Os apoiadores da aliança têm afirmado que Geraldo Alckmin renderia para a chapa de Lula em torno de 5% dos votos do interior paulista – aumentando a possibilidade de vitória no primeiro turno – acalmaria o mercado financeiro, ajudaria na reconstrução do Estado brasileiro, tiraria votos da candidatura de João Dória Jr., e derrotaria a um só tempo o fascismo bolsonarista e o autoritarismo lavajatista de Sérgio Moro. Nenhum comentário sobre a Opus Dei, o massacre da ocupação do Pinheirinho, a violência da PM paulista. Silêncio total, e ainda querem o silêncio da militância porque “o homem sabe o que faz”.

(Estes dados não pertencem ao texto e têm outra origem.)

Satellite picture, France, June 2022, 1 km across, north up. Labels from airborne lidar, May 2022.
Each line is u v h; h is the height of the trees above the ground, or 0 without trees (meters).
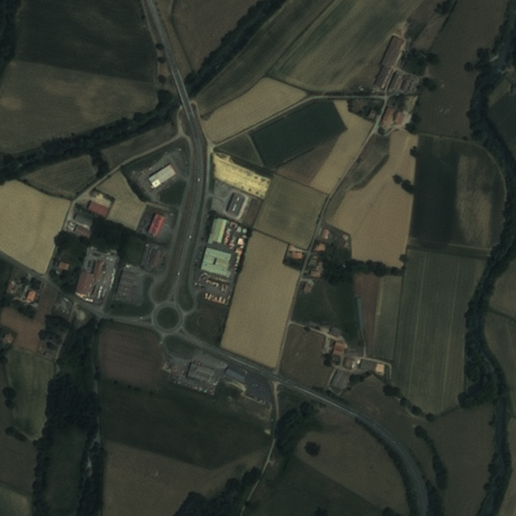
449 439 0
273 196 0
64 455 0
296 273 0
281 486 0
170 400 0
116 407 0
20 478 0
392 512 17
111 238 6
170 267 0
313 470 0
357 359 0
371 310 0
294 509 0
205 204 0
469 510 0
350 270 24
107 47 0
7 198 0
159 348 0
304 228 0
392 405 0
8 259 0
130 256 0
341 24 0
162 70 0
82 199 0
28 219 0
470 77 0
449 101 0
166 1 0
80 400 18
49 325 8
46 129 0
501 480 16
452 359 0
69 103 0
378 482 0
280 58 0
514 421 0
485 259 0
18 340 0
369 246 0
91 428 17
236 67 0
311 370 0
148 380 0
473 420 0
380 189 0
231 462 0
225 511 21
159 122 16
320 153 0
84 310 0
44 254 0
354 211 0
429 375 0
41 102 0
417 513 8
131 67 0
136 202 0
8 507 0
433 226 0
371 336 0
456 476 0
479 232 0
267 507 0
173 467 0
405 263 11
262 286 0
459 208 0
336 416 0
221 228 0
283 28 0
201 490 0
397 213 0
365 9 0
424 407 0
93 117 0
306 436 0
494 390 30
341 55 0
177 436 0
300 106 0
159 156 0
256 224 0
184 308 0
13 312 0
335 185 0
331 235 0
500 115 0
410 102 0
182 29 0
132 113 0
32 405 0
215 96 0
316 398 0
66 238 19
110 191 0
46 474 16
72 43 0
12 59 14
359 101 0
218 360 0
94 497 16
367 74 0
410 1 0
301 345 0
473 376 29
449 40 0
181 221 0
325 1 0
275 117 0
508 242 21
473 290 0
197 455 0
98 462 16
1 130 0
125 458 0
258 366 0
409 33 0
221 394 0
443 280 0
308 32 0
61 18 0
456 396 0
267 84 0
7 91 0
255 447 0
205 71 7
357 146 0
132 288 0
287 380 0
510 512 0
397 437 0
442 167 0
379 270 21
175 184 0
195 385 0
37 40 0
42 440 13
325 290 0
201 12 0
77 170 0
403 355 0
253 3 0
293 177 0
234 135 0
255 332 0
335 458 0
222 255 0
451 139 0
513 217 20
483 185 0
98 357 0
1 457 0
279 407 0
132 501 0
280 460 0
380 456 0
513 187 9
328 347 0
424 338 0
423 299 0
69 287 14
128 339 0
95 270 0
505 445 7
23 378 0
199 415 0
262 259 0
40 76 0
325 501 0
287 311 0
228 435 0
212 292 0
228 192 0
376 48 0
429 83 21
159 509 0
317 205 0
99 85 0
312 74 0
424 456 0
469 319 12
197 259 0
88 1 0
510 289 0
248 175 0
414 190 15
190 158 0
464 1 0
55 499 0
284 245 0
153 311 0
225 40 15
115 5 0
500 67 0
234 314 0
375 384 0
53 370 0
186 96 0
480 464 0
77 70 0
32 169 16
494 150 7
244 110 0
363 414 0
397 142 0
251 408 0
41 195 0
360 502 0
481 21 0
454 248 0
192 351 0
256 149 0
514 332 0
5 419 0
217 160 0
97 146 19
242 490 10
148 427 0
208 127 0
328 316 0
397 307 0
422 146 0
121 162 0
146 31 0
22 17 0
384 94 0
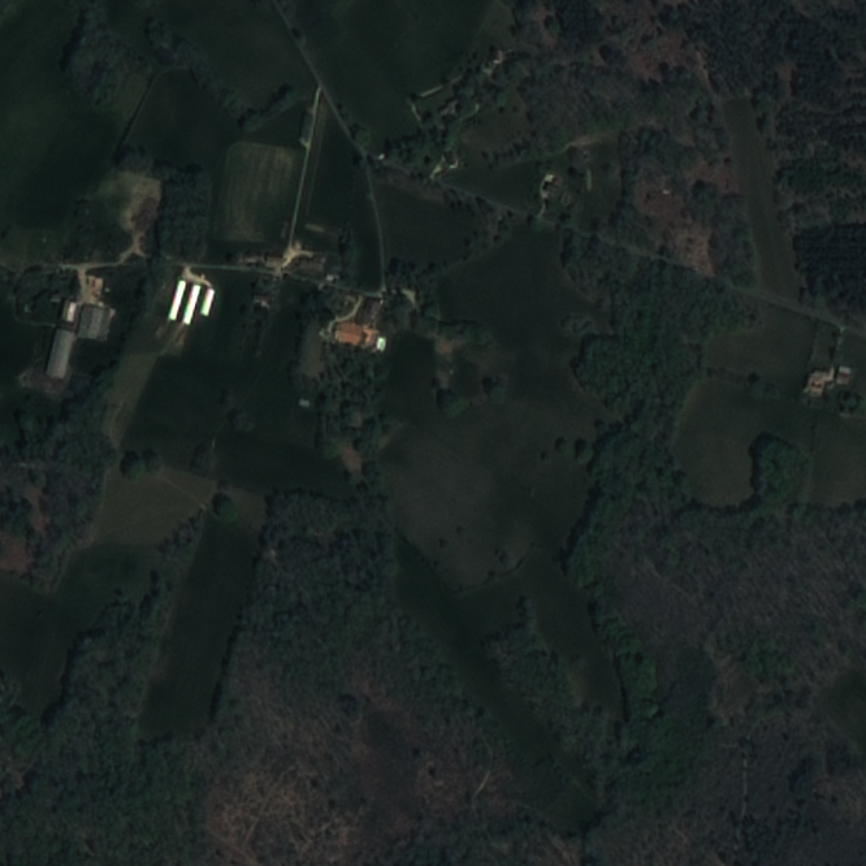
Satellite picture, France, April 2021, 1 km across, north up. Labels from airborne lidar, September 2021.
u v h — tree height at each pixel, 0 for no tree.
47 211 0
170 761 22
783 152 14
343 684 9
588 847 18
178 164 0
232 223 0
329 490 0
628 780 25
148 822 27
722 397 0
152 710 0
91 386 15
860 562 20
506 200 0
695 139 15
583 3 24
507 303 0
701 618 11
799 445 0
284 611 13
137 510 0
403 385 0
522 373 0
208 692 0
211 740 19
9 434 0
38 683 0
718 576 20
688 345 22
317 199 0
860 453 0
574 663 10
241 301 0
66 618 0
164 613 15
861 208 8
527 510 0
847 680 0
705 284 15
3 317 0
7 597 0
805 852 8
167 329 0
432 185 12
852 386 0
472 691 0
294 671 19
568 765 0
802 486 22
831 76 23
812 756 11
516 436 0
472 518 0
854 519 22
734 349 0
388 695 9
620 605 12
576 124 21
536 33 20
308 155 0
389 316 9
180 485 0
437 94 0
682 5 0
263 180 0
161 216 11
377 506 24
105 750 29
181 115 0
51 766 21
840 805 14
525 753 0
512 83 16
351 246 10
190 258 16
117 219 0
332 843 7
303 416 0
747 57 26
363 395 15
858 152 9
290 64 0
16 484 22
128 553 0
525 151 11
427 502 0
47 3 0
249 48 0
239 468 0
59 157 0
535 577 0
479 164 0
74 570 0
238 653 15
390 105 0
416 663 18
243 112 14
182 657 0
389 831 0
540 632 0
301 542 13
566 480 0
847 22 22
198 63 19
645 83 14
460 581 0
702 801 10
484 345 12
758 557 21
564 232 9
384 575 21
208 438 0
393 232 0
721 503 0
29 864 8
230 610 0
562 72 13
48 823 26
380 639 12
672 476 15
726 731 14
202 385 0
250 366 0
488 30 0
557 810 0
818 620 20
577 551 23
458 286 0
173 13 0
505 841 15
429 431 0
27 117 0
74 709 22
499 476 0
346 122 13
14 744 21
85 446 24
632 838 10
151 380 0
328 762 13
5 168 0
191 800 8
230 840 0
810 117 8
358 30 0
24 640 0
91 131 0
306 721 14
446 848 14
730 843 8
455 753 7
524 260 0
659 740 21
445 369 0
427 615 0
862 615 16
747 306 7
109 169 0
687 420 0
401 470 0
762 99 21
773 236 0
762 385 16
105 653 23
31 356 0
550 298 0
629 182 12
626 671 20
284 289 0
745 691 0
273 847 11
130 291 0
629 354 22
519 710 0
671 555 22
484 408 0
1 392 0
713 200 21
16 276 11
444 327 12
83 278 0
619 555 12
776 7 22
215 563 0
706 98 19
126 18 0
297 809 0
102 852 21
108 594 0
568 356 0
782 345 0
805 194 9
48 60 0
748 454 0
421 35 0
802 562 18
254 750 16
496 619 0
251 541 0
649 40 12
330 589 17
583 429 0
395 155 24
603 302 12
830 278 8
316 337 0
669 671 10
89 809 22
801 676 15
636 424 24
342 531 9
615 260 17
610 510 25
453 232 0
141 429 0
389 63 0
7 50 0
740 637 19
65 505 18
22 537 19
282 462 0
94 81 19
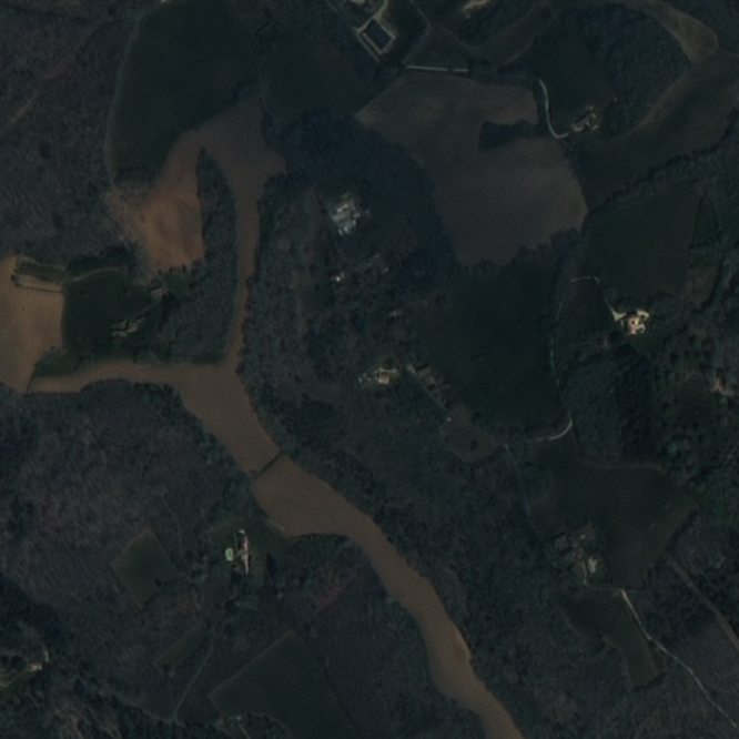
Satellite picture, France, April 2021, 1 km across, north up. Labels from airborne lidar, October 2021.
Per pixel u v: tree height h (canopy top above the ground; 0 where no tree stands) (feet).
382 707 40
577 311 0
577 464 0
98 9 59
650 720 27
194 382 0
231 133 0
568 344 23
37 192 49
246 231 0
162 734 51
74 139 40
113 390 47
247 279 0
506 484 75
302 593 43
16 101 42
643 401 106
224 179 45
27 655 50
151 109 0
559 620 45
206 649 38
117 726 43
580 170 49
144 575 0
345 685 51
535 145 0
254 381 50
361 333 80
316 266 24
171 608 22
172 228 0
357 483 30
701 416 0
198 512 37
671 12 0
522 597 73
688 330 64
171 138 0
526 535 59
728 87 0
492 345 0
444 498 70
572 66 0
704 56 0
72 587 72
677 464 58
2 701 51
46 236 40
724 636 0
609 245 0
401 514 31
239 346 0
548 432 65
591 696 45
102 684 36
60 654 65
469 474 61
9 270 0
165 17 0
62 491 49
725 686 60
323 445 65
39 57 53
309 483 0
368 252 31
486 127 21
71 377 0
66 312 0
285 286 44
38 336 0
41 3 25
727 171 39
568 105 0
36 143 48
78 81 27
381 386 0
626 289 0
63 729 52
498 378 0
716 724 50
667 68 44
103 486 54
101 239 62
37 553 42
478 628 51
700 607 76
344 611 38
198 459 37
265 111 21
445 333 0
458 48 0
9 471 91
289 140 47
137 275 57
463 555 37
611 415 84
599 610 0
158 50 0
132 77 0
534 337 0
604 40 56
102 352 30
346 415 51
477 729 56
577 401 71
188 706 26
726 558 52
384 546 0
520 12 60
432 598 0
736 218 40
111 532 52
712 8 84
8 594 57
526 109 0
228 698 0
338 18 43
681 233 0
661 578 57
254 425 0
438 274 62
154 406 53
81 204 58
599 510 0
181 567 30
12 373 0
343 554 32
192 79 0
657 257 0
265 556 0
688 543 55
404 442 71
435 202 56
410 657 62
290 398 45
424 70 0
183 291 0
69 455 37
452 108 0
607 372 80
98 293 0
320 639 50
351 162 69
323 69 0
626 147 0
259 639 28
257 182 0
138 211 0
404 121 0
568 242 69
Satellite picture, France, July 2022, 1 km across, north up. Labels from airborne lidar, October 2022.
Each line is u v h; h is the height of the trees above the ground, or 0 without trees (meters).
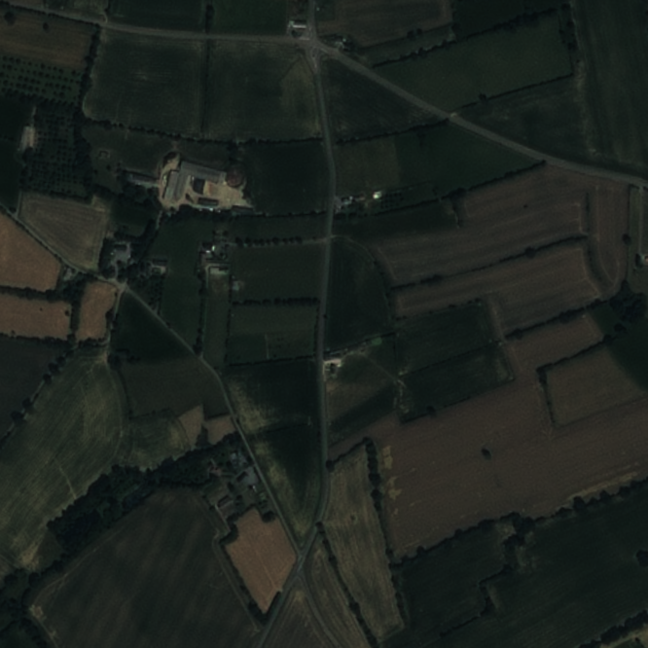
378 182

Os detratores da chapa se dividem no tom e no teor da crítica. Os críticos moderados têm afirmado que não é o momento de o PT escolher o candidato a vice-presidente, pois Lula lidera a corrida eleitoral com boa vantagem nas pesquisas divulgadas até o momento, de maneira que os interessados que lutem. No entanto, nos bastidores, esse grupo de petistas tem mobilizado a legenda bate-pau da esquerda radical, cujo presidente gosta de fazer cosplay de “falcon guerrilheiro sênior” para fazer uma cruzada contra o que ele chama de “esquerda liberal”. Recentemente, gastou tempo e energia para apimentar todo tipo de fake news contra o candidato ao governo do estado de São Paulo pelo PSOL, Guilherme Boulos, uma liderança de projeção nacional, com denuncias sem provas, mas com convicção.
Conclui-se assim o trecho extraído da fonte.